High mortality rates among patients with chronic obstructive pulmonary disease (COPD) admitted to intensive care units (ICUs) during the COVID-19 pandemic highlight the need for tailored clinical management strategies.

Study Design and Methods

Epidemiological, clinical, and laboratory data were collected in REDCap for 6512 patients hospitalized with COVID-19 across 55 Spanish ICUs. Patients were stratified into three groups: those with COPD, those with other chronic respiratory diseases (CRD), and those without respiratory comorbidities (No CRD). The primary outcome was to determine clinical predictors for 90-day mortality, focusing on the COPD group. A propensity score matching (PSM) method was applied to analyze the effects of respiratory support, biomarkers, and immunomarkers.

Results

Patients with COPD (n = 328) exhibited a 50% mortality rate compared to 33% of those with other chronic respiratory diseases (CRD, n = 547), and those without respiratory comorbidities (No CRD, n = 5124). Among COPD patients, 95% of whom had Acute Respiratory Distress Syndrome (ARDS) due to COVID-19, the use of a high-flow nasal cannula (HFNC) was associated with reduced 90-day mortality (hazard ratio: 0.54 (95% Confidence Interval [0.31–0.95]).

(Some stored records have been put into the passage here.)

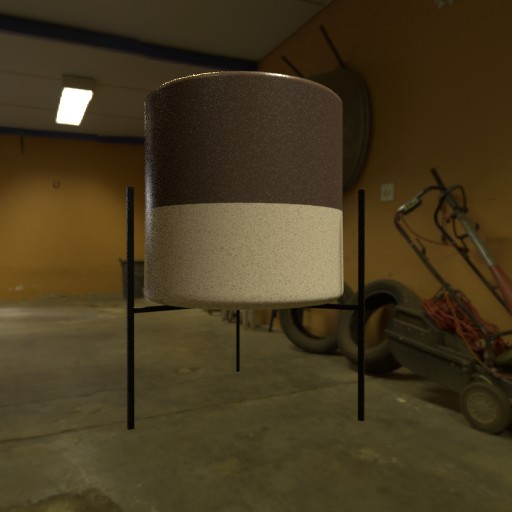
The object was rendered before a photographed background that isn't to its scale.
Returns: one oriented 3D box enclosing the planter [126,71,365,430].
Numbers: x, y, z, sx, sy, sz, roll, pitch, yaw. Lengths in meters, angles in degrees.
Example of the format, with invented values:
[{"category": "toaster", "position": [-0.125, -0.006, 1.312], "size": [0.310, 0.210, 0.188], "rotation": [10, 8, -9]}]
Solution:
[{"category": "planter", "position": [0.000, 0.000, 0.537], "size": [0.260, 0.353, 0.250], "rotation": [0, 0, 18]}]
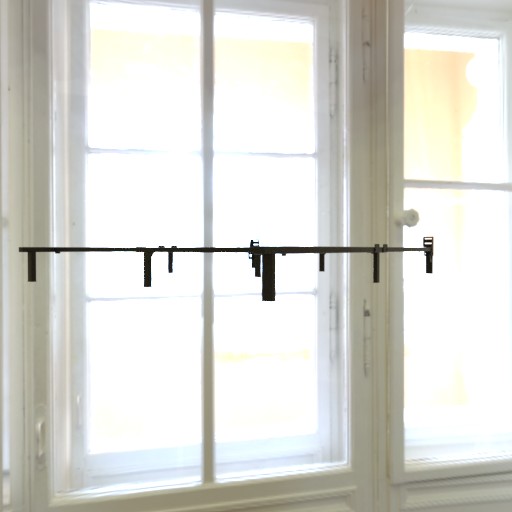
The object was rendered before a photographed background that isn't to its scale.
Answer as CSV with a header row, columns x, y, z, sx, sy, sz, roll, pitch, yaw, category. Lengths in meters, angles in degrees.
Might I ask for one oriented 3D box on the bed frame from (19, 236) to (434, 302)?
x,y,z,sx,sy,sz,roll,pitch,yaw,category
0.000,0.000,2.585,1.498,0.248,1.990,1,1,36,bed frame
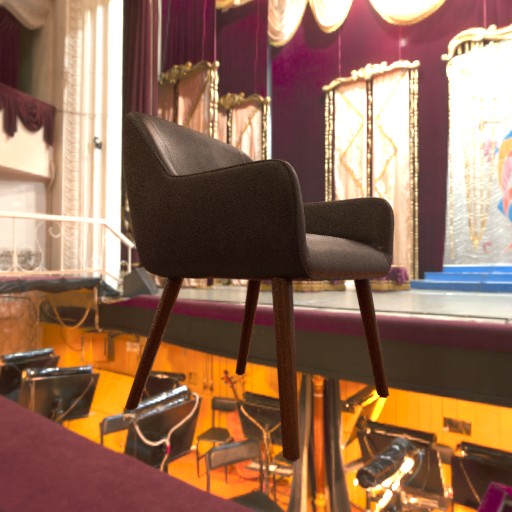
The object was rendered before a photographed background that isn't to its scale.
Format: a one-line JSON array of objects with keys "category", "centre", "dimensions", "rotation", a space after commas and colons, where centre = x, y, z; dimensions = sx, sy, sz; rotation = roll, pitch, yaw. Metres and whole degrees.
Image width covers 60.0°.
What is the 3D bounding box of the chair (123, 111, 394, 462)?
[{"category": "chair", "centre": [0.000, 0.000, 1.260], "dimensions": [0.610, 0.828, 0.610], "rotation": [-1, -2, 35]}]
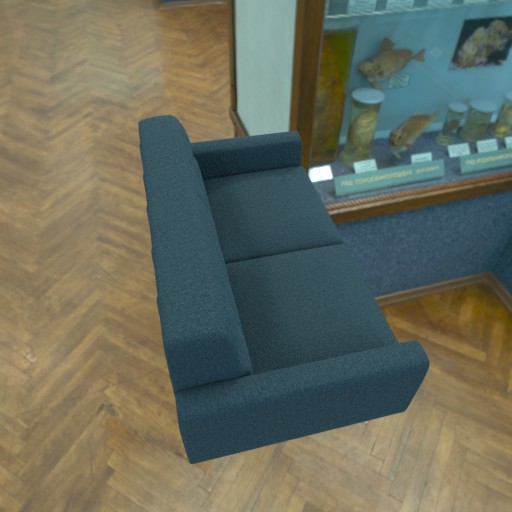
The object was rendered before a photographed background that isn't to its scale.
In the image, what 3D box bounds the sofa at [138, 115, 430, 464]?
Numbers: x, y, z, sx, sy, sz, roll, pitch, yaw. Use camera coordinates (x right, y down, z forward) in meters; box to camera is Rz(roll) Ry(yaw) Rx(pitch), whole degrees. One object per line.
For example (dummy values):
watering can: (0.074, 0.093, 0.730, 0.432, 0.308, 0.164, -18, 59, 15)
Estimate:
sofa: (0.000, 0.000, 2.185, 0.942, 0.896, 1.651, -10, 47, -9)
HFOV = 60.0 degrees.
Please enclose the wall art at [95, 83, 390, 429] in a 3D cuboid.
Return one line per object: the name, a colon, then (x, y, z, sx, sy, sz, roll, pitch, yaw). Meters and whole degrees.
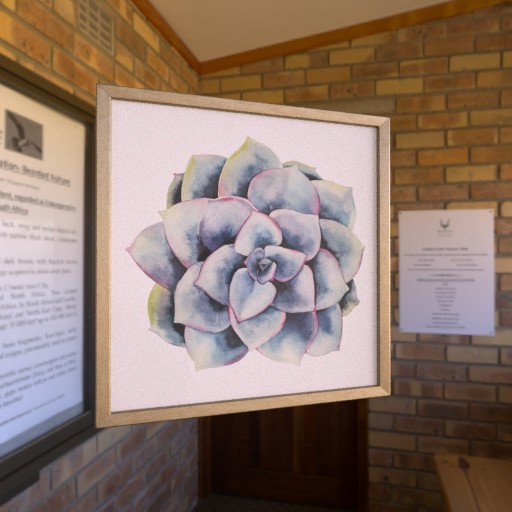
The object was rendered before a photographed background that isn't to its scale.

At a molecular scale, lower IgG levels but higher viral load and TNF-alpha, Vascular Cell Adhesion Molecule-1 (VCAM-1), and Fas Cell Surface Death Receptor (Fas) were associated with mortality in the COPD group.

Conclusions

In COPD patients with ARDS due to COVID-19, the use of HFNC was associated with a better prognosis. The dysregulation in biomarkers and immunomarkers in COPD patients and its association with mortality highlight the need for further targeted therapeutic strategies.
重症监护病房重症COVID-19合并COPD患者的结局和死亡率预测因素:一项多中心研究
背景:COVID-19大流行期间入住重症监护病房(icu)的慢性阻塞性肺疾病(COPD)患者的高死亡率突出表明需要制定量身定制的临床管理策略。研究设计和方法:在REDCap中收集了55个西班牙icu中6512名COVID-19住院患者的流行病学、临床和实验室数据。患者被分为三组:COPD患者、其他慢性呼吸系统疾病(CRD)患者和无呼吸系统合并症(No CRD)患者。主要结果是确定90天死亡率的临床预测因素,重点是COPD组。采用倾向评分匹配(PSM)方法分析呼吸支持、生物标志物和免疫标志物的效果。结果:COPD患者(n = 328)的死亡率为50%,而其他慢性呼吸道疾病(CRD, n = 547)和无呼吸道合并症(No CRD, n = 5124)患者的死亡率为33%。在COPD患者中,95%的患者因COVID-19发生急性呼吸窘迫综合征(ARDS),使用高流量鼻插管(HFNC)与降低90天死亡率相关(风险比:0.54(95%可信区间[0.31 ~ 0.95])。在分子水平上,较低的IgG水平但较高的病毒载量和tnf - α、血管细胞粘附分子-1 (VCAM-1)和Fas细胞表面死亡受体(Fas)与COPD组的死亡率相关。结论:在COVID-19合并ARDS的COPD患者中,使用HFNC与较好的预后相关。慢性阻塞性肺病患者生物标志物和免疫标志物的失调及其与死亡率的关联表明需要进一步的靶向治疗策略。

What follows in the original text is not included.